Monday, December 1, 2008

Blitzen Trapper and The Parson Red Heads at The Echo

November went out with a bang on Sunday (November 30, 2008) at one of the month's best concerts. I've been hearing about Blitzen Trapper for a while now, but avoided them because, well, my plate is full. Sometimes I just want to avoid learning about a new band that I know I'll like since life is not eternal. Then again, I don't want to miss anything.

So, knowing that Blitzen Trapper were Seattle cohorts of Fleet Foxes, and of our transplanted Parson Red Heads, who were opening for them at The Echo, I took the plunge and bought a ticket. I also knew it was one of the most talked about upcoming shows I'd been hearing about out at the clubs.

I picked up Furr, they're newest CD, the other day and I can't stop playing it. Surely, it's one of this year's finest releases, jam-packed full of great songs with memorable hooks, glorious singing, smart, thoughtful lyrics and irresistible melodies.

They remind me of Super Furry Animals, The Parson Red Heads, The New Pornographers, Okkervil River, The Kinks (of course), some Beatles, even some Dylan-esque touches here and there and a whole host of others. Yet they make their own sound, creating something wholly original in the process. It all revved up my enthusiasm to a fever pitch.

As it was the end of long holiday weekend and tomorrow it's back to work, I was glad it was an early show and only the two bands. The first act didn't appear.

Just getting out of Hollywood because of the god-damned Christmas parade was problematic, but I left plenty of time to negotiate my way to Silverlake. Arriving around 7:30 the place was half full already but the only people I knew were The Parson Red Heads, so we exchanged pleasantries and they had to take to the stage by 8 to cover for the missing act.

Beginning with "Time is Running Out" they got me. The honest emotion and pure beauty of that song's melody and harmonies always catches in my throat, and catches me off guard. I kind of melt as they wrap me up emotionally with that first song, and they just don't let go. Performing as a seven-piece this night they all played and sang their hearts out. And their obvious joy in playing with each other is infectious. The genuine good will spills off the stage.

"Got It All" is always a pleasure to hear and "Out To See" sounded great. They even sang a great cover of Neil Young's "From Hank To Hendrix", which the crowd just ate up.
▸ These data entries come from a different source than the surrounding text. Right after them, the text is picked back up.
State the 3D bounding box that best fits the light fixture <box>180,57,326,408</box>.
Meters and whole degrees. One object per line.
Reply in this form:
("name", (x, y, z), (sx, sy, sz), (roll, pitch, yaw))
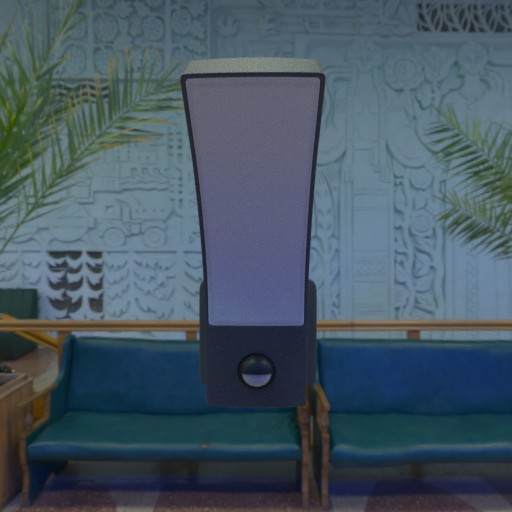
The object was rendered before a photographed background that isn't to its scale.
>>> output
("light fixture", (0.000, 0.000, 0.336), (0.108, 0.243, 0.174), (0, 1, 1))
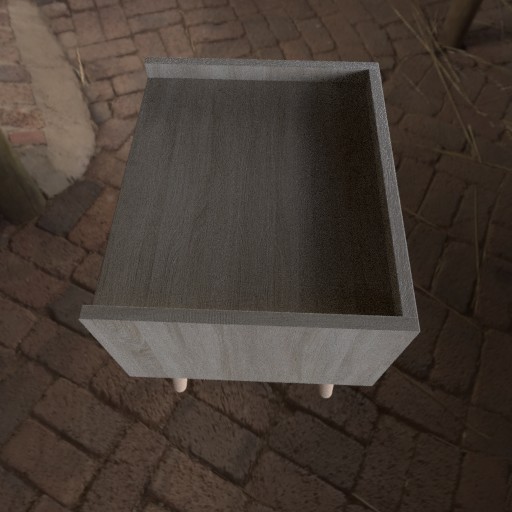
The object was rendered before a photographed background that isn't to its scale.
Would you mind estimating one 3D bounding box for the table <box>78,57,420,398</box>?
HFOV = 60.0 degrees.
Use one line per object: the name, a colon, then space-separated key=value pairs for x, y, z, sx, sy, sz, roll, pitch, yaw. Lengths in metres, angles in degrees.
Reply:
table: x=0.000 y=0.000 z=0.795 sx=0.370 sy=0.470 sz=0.450 roll=2 pitch=60 yaw=1
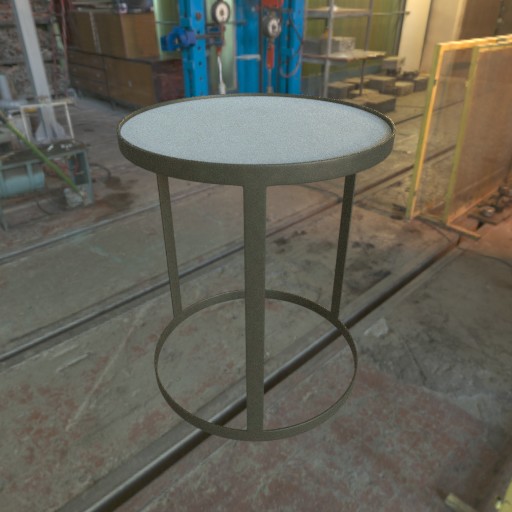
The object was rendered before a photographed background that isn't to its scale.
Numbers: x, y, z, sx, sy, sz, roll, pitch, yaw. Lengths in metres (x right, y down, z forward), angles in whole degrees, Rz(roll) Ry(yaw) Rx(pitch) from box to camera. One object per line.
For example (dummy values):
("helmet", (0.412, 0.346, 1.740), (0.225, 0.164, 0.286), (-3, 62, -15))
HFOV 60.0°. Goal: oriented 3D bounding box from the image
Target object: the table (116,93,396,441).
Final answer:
("table", (0.000, 0.000, 0.933), (0.480, 0.565, 0.480), (0, 31, 0))
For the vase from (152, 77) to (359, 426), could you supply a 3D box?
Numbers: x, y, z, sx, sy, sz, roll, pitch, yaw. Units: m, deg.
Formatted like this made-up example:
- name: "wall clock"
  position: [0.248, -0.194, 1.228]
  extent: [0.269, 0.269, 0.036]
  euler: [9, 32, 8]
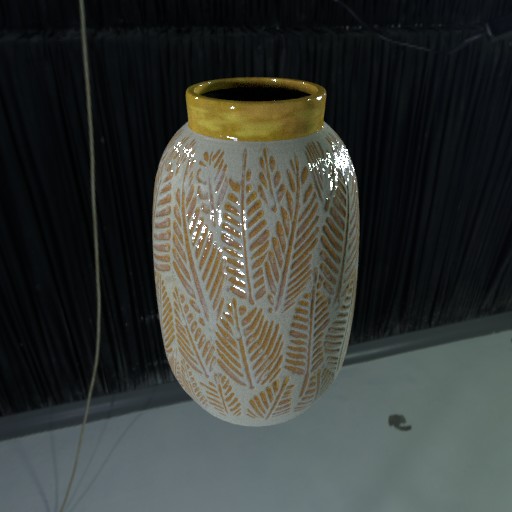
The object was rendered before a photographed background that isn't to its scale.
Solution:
- name: "vase"
  position: [0.000, 0.000, 0.375]
  extent: [0.172, 0.270, 0.172]
  euler: [0, 31, 0]
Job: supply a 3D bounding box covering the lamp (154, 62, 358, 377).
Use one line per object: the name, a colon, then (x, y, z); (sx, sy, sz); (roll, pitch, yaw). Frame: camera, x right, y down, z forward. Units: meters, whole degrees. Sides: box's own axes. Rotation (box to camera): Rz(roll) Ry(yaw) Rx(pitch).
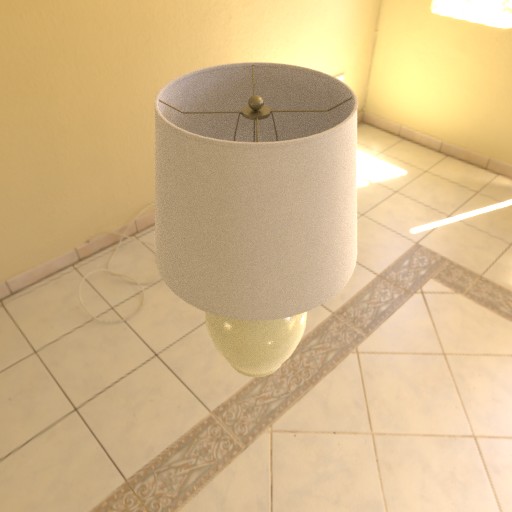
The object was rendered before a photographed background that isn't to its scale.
lamp: (0.000, 0.000, 0.546); (0.239, 0.399, 0.239); (0, 42, 0)
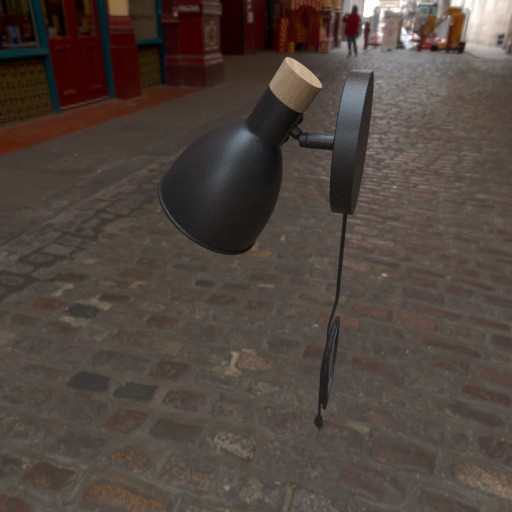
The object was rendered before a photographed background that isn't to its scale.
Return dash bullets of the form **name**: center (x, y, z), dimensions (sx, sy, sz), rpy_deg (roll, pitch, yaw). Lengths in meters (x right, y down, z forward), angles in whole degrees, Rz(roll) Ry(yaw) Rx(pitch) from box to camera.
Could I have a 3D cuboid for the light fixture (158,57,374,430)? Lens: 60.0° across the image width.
- **light fixture**: center (0.000, 0.000, 0.488), dimensions (0.203, 0.401, 0.127), rpy_deg (9, 30, 16)
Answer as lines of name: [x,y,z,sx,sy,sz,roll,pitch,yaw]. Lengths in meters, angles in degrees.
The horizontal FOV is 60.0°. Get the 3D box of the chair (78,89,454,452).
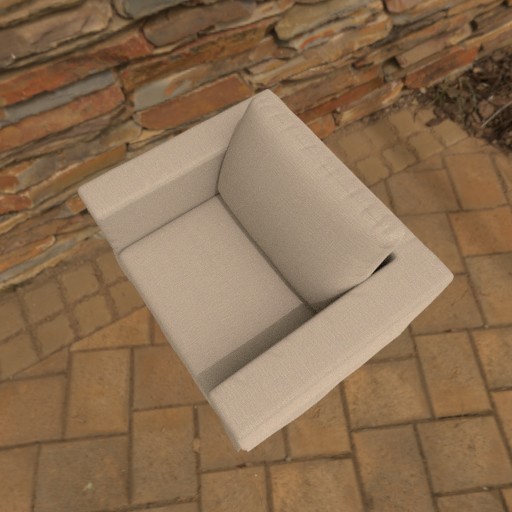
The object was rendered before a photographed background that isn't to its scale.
chair: [0.000,0.000,1.812,0.957,0.878,1.150,-32,68,-15]
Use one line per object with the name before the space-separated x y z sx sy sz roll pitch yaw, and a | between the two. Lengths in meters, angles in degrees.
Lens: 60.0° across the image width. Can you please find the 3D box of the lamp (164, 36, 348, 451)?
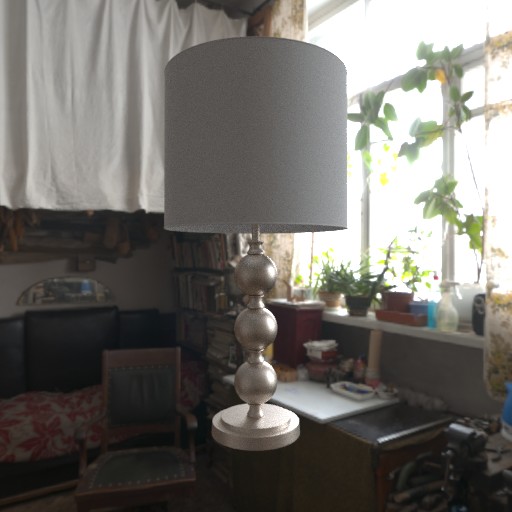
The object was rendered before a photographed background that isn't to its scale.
lamp | 0.000 0.000 0.679 0.277 0.538 0.277 0 0 18
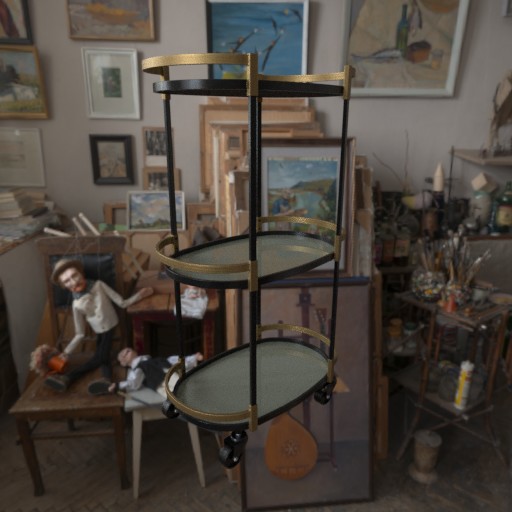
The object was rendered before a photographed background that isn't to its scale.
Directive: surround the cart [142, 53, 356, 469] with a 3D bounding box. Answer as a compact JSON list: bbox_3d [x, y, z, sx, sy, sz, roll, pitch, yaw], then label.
[{"bbox_3d":[0.000,0.000,1.117,0.515,0.885,0.311,-16,24,-41],"label":"cart"}]
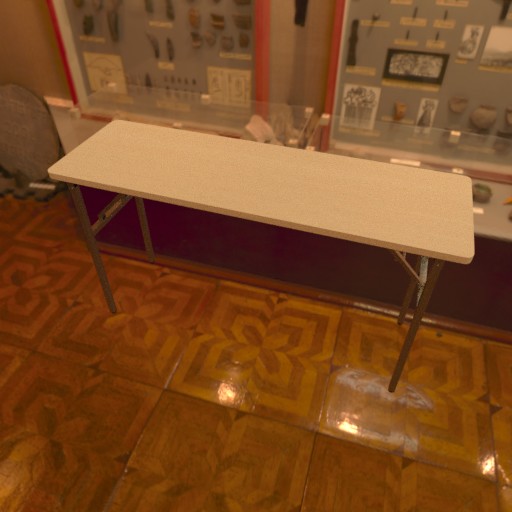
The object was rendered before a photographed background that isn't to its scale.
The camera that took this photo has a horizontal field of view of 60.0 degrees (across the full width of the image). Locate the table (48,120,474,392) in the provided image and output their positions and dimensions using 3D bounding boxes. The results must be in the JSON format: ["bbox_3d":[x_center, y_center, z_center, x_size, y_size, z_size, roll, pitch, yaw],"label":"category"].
[{"bbox_3d":[0.000,0.000,1.766,1.397,0.750,0.446,13,43,14],"label":"table"}]
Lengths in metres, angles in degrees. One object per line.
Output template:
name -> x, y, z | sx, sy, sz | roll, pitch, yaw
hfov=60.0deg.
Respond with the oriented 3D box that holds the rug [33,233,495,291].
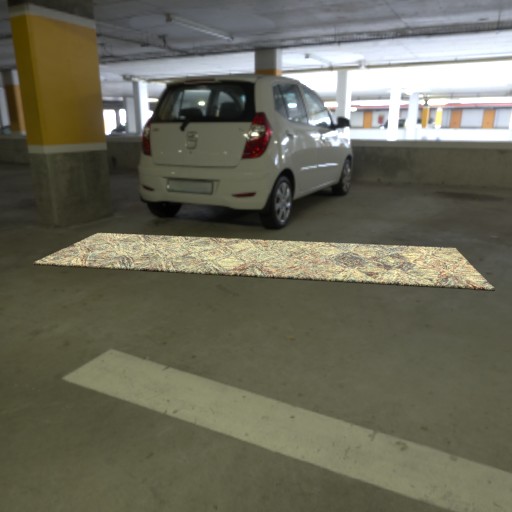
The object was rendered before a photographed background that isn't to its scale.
rug -> 0.000, 0.000, 2.490 | 2.292, 0.015, 0.688 | 3, 17, 9
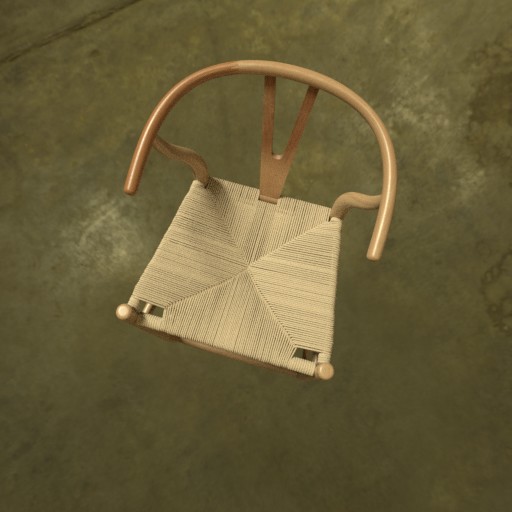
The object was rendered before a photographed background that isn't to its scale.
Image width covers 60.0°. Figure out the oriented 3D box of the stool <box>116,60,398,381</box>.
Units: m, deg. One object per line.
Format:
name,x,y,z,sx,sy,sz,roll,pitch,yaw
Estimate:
stool,0.000,0.000,1.268,0.536,0.923,0.575,15,74,4
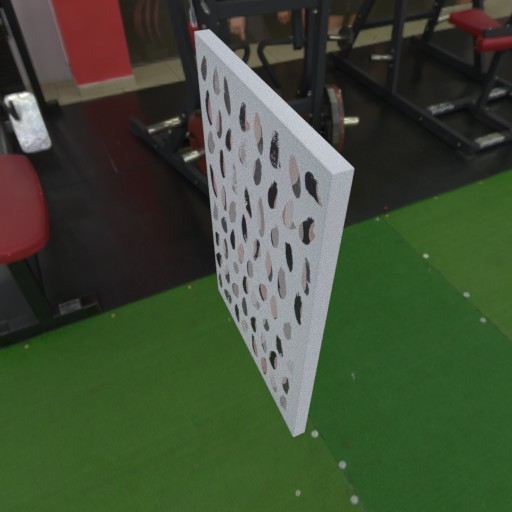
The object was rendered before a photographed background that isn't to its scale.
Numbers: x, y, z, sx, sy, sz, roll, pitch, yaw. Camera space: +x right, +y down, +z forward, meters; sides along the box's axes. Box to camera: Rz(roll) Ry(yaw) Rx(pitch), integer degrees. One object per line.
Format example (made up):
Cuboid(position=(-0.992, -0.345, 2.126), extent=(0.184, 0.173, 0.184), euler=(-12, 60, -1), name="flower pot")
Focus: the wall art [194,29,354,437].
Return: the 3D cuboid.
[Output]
Cuboid(position=(0.000, 0.000, 1.152), extent=(0.037, 0.916, 0.610), euler=(-18, 48, -17), name="wall art")
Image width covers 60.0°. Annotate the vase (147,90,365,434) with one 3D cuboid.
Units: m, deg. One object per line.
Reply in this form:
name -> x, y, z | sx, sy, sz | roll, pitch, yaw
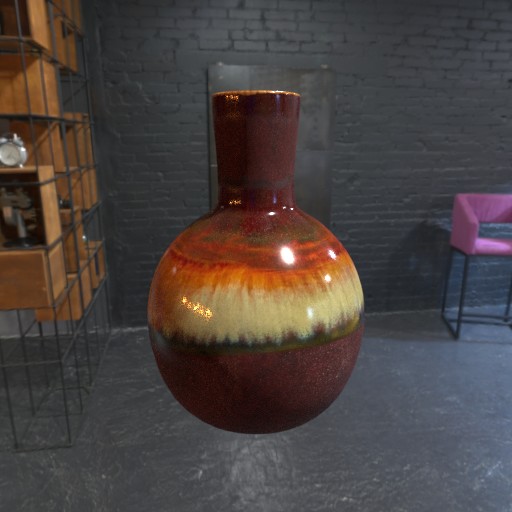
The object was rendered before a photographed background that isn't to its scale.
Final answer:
vase -> 0.000, 0.000, 0.225 | 0.111, 0.154, 0.111 | 0, 15, 0
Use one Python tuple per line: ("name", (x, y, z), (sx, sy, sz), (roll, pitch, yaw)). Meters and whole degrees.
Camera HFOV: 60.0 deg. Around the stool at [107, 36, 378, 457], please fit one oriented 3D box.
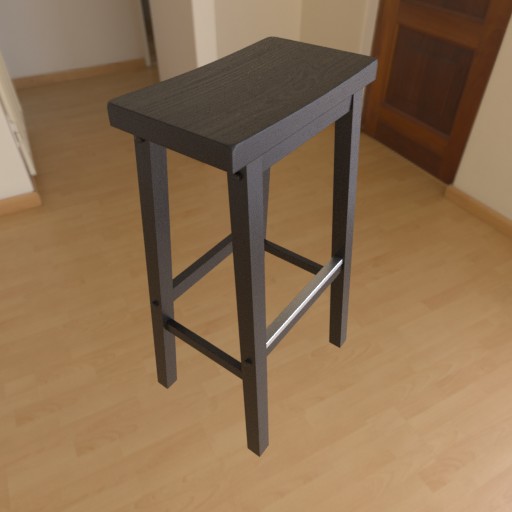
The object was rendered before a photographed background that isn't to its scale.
("stool", (0.000, 0.000, 0.937), (0.322, 0.742, 0.406), (26, 47, 27))
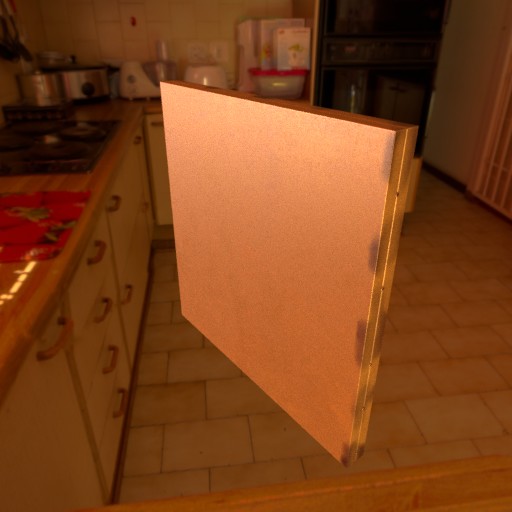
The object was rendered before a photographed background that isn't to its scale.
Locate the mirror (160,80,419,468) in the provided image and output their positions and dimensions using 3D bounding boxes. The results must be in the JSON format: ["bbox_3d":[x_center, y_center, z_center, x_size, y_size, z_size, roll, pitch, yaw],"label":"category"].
[{"bbox_3d":[0.000,0.000,0.746,0.042,0.507,0.509,-20,34,-33],"label":"mirror"}]
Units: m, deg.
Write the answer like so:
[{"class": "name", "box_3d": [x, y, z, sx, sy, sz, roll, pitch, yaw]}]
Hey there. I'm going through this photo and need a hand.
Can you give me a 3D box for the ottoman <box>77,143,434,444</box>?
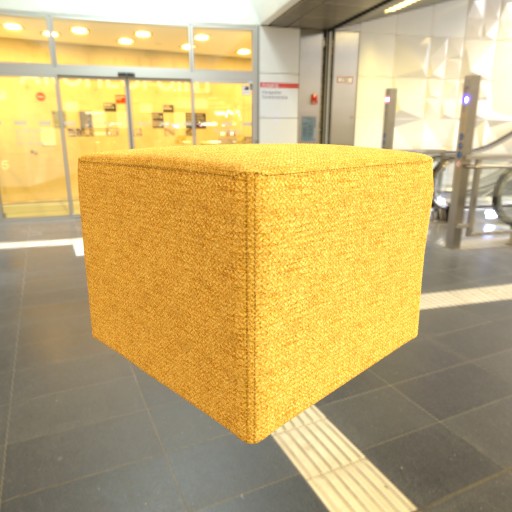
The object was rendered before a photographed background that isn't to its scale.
[{"class": "ottoman", "box_3d": [0.000, 0.000, 0.902, 0.512, 0.441, 0.505, -15, 21, -43]}]
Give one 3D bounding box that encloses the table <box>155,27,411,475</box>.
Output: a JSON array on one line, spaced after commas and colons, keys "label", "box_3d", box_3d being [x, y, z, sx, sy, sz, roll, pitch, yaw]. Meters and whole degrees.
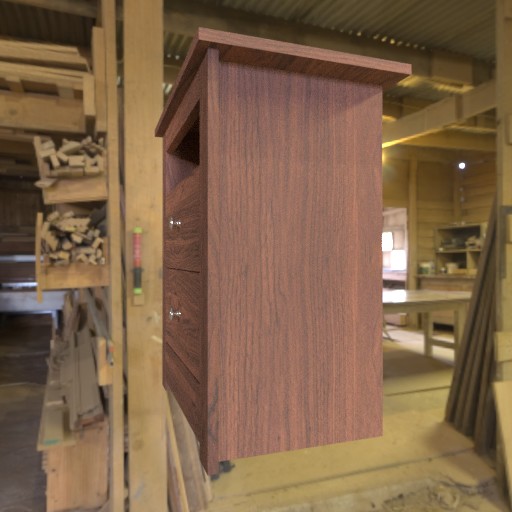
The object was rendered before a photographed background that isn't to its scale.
[{"label": "table", "box_3d": [0.000, 0.000, 1.034, 0.406, 0.711, 0.589, 0, 0, -19]}]
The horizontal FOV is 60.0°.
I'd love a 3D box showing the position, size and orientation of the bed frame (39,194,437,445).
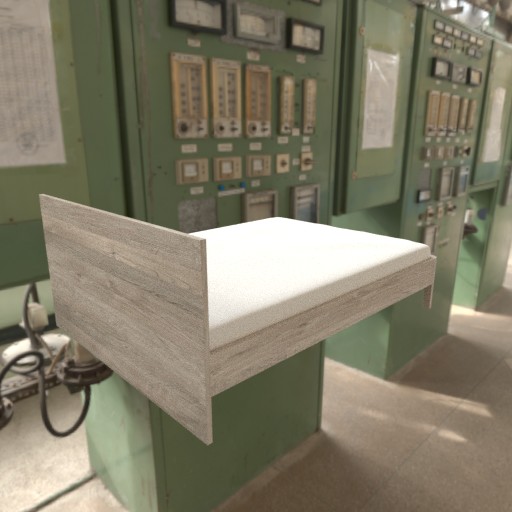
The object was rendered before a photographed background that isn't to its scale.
[{"bbox_3d":[0.000,0.000,2.735,1.950,0.800,1.490,-15,22,-42],"label":"bed frame"}]
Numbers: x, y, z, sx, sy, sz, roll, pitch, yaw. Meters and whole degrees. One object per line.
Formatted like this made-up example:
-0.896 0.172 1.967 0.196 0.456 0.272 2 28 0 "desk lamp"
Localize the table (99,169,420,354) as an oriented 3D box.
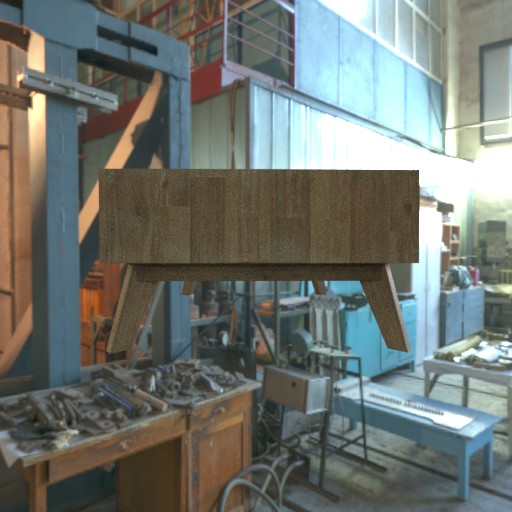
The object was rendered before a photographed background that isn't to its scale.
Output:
0.000 0.000 2.063 0.918 0.531 1.619 0 1 -1 "table"
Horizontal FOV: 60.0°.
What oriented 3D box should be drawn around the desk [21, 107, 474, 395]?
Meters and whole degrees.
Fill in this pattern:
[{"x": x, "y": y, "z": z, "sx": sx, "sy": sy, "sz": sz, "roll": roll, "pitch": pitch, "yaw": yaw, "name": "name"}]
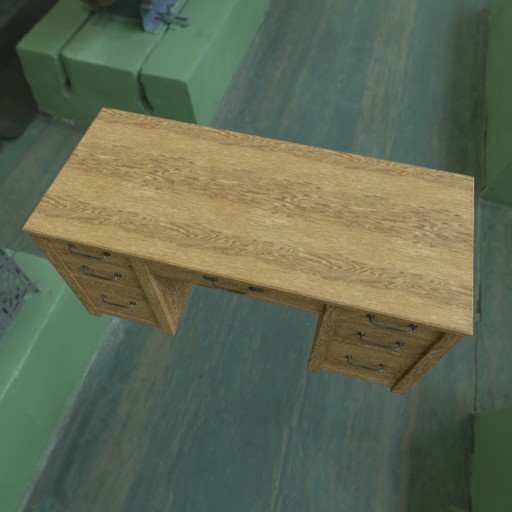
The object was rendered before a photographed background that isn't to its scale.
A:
[{"x": 0.000, "y": 0.000, "z": 1.966, "sx": 1.567, "sy": 0.751, "sz": 0.685, "roll": 13, "pitch": 59, "yaw": 8, "name": "desk"}]
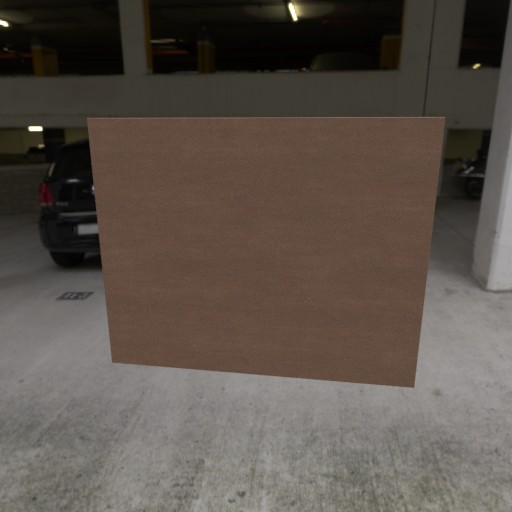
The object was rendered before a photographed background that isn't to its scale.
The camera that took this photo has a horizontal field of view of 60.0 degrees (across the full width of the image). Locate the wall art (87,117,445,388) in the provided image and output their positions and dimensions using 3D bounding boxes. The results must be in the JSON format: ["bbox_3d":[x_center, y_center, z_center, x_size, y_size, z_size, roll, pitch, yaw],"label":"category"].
[{"bbox_3d":[0.000,0.000,0.685,0.508,0.408,0.012,3,17,8],"label":"wall art"}]
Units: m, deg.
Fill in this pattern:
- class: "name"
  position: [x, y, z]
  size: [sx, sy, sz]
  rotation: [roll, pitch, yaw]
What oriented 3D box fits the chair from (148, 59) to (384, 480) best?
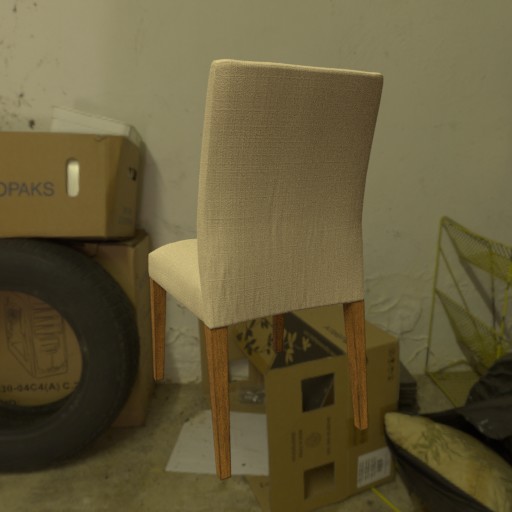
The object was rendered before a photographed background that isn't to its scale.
- class: "chair"
  position: [0.000, 0.000, 1.268]
  size: [0.496, 0.940, 0.585]
  rotation: [-7, 16, -26]

They have never sounded better, and I say that every time I see them, but judging from what I overheard, a lot of the audience agreed with me. The Parson Red Heads were a perfect opener for Blitzen Trapper, as their solid '60's sound is a terrific lead in to the second band's reworking of '60's elements mixed up with indie-rock.

I'd spotted Rob Danson And Nick Ceglio of Death To Anders, Elaine Layabout and Travis Woods (Web in Front), along with Jordan Hudock (Marvelous Toy) and Vivien Cao, but by now everyone was jockeying for a good position to see Blitzen Trapper in the burgeoning crowd. Photographer Scott Schultz captured some great shots on his pic section of his myspace page here.
Taking off with their new CD's first song, "Sleepy Time in the Western World" you could tell right away that the audience was already tuned in to Furr by their raucous approval. They sang most of that album, including my current favorite, "God and Suicide", a remarkable song from anyone, in any era. And, of course, the title track, "Furr" was another highlight, being one of the best examples of lyric writing I've heard recently.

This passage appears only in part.